How reset shall NOT be implemented:

bad : procesS(Clk)
begin
    if rising_edge(Clk) then
        if Rst = '1' then
            A <= '0';
        else
            A <= x;
            B <= y;
        end if;
    end if;
end if;

In this implementation, A results in a D-FF with reset and B results in a D-FF with Rst as clock enable. Hence reset fanout is needlessly high.

Default Values

All optional generics and ports have default values. If a user does not need optional ports or generics, he does not have to care about them and find out what would be an appropriate default value.

TDM (Time Division Multiplexing)

Rules:

  • If multiple signals are transferred TDM (time-division-multiplexed) over the same interface and all signals have the same sample rate, no additional channel indicator is implemented and looping through the channels is implicit (e.g. for a three channel link, samples are transferred in the channel order 0-1-2-0-1-2-…).

TDM

The entities blocks can be used to convert between parallel channel handling and TDM:

TDM signals can be difficult to debug because the channel mapping is hard to identify at runtime. It usually is a good idea to mark the last channel for each sample by Last as shown in the figure below.
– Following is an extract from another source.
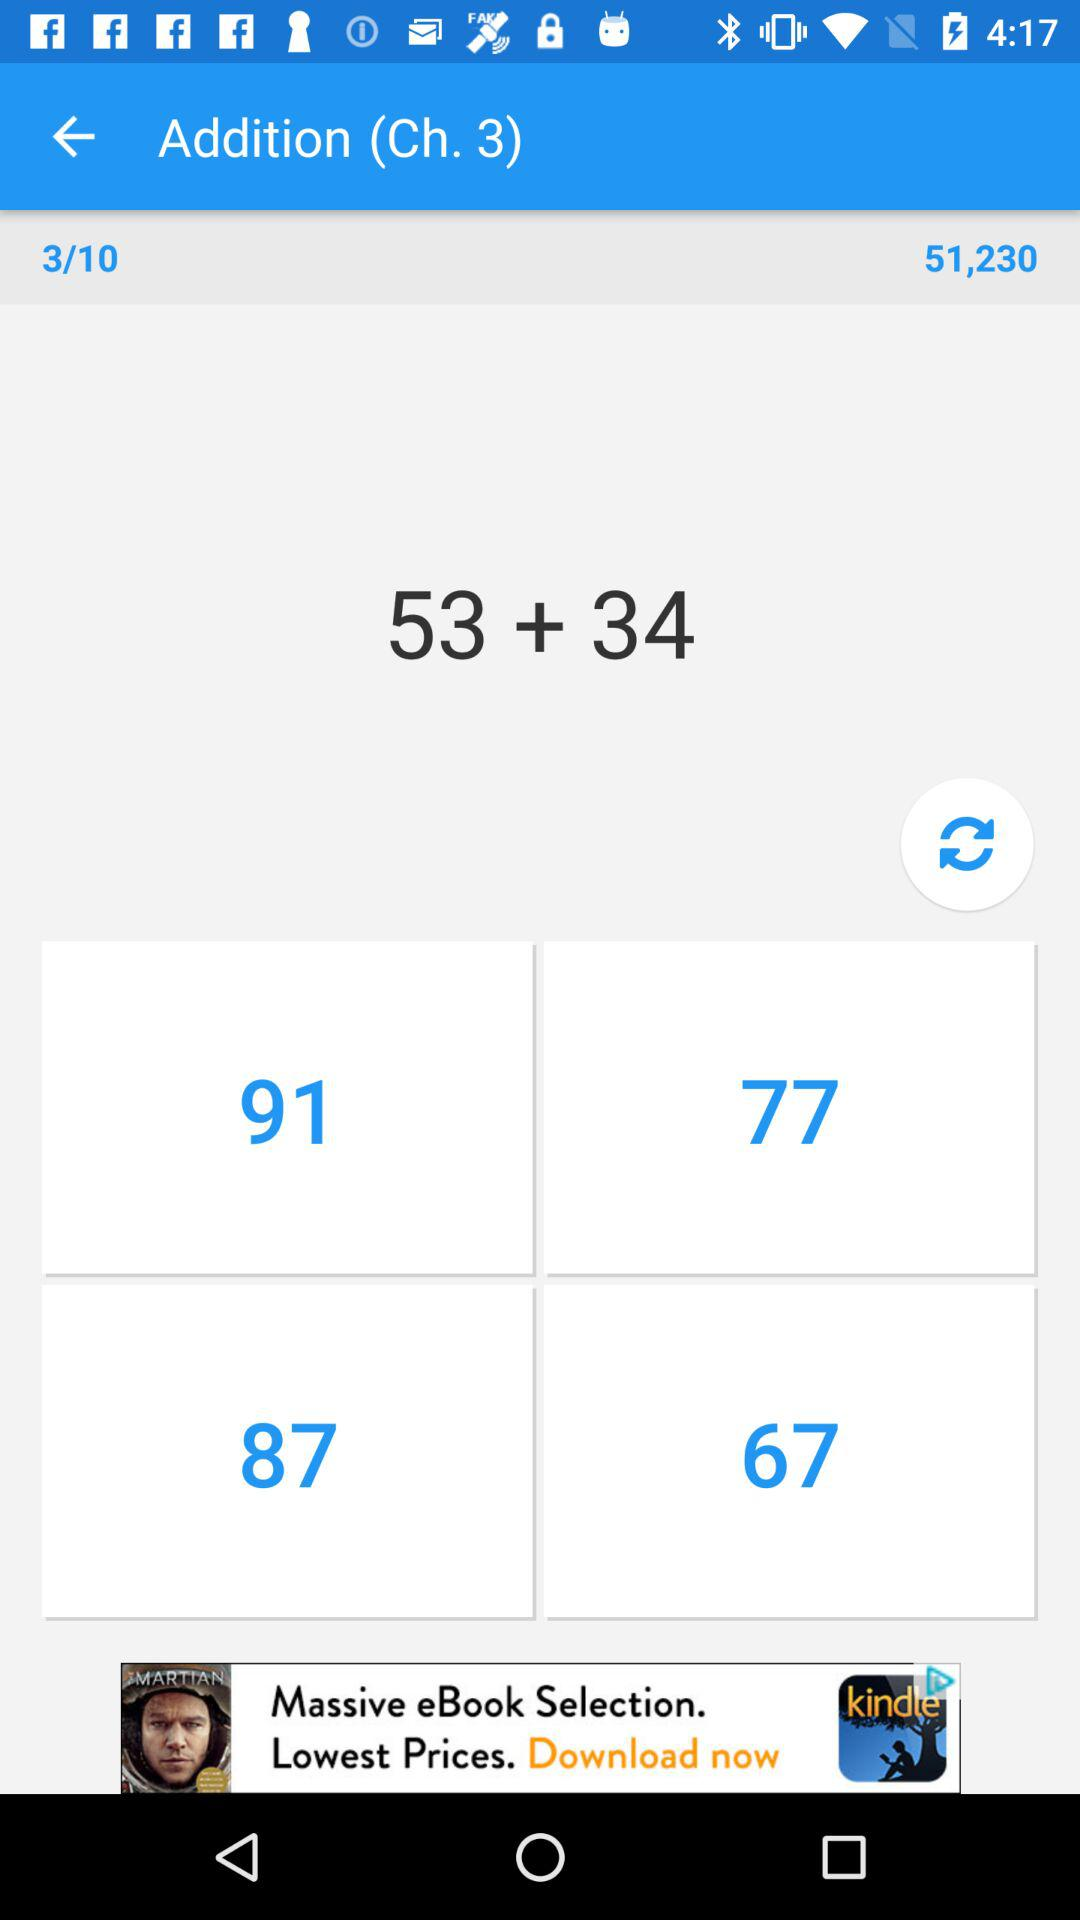What is the total of the two numbers?
Answer the question using a single word or phrase. 87

This way, it is easily known which data-beat belongs to which channel.

TDM-Last

For packetized data, the last channel of the last sample of a packet is marked by Last. As a result, the channel mapping can be reconstructed easily at packet boundaries.

TDM-Packet

Testbenching

VUnit

The VUnit verification framework is used to verify Open Logic. All testbenches shall be VUnit testbenches and different test-cases shall be properly separated.

VUnit was chosen because it allows to easily use both, commercial tools like Questasim and the open source simulators GHDL and NVC. Additionally VUnit allows to write well structures test-benches and simplifies regression testing a lot.

Coverage

A code coverage of 100% is the goal. For code with generics, a representable set of combinations of generics shall be simulated.

Documentation

Documentation is written in Markdown. Conventions are checked using markdownlint, it's best to install the VSCode plugin, so linting errors can be seen while editing files.

The following conventions are important to rembmer:

  • For unordered lists, dashes (-) are used
  • For emphasizing underscores (_) are used

The markdown linting is executed automatically and pull-requests are only accepted if there are no errors reported.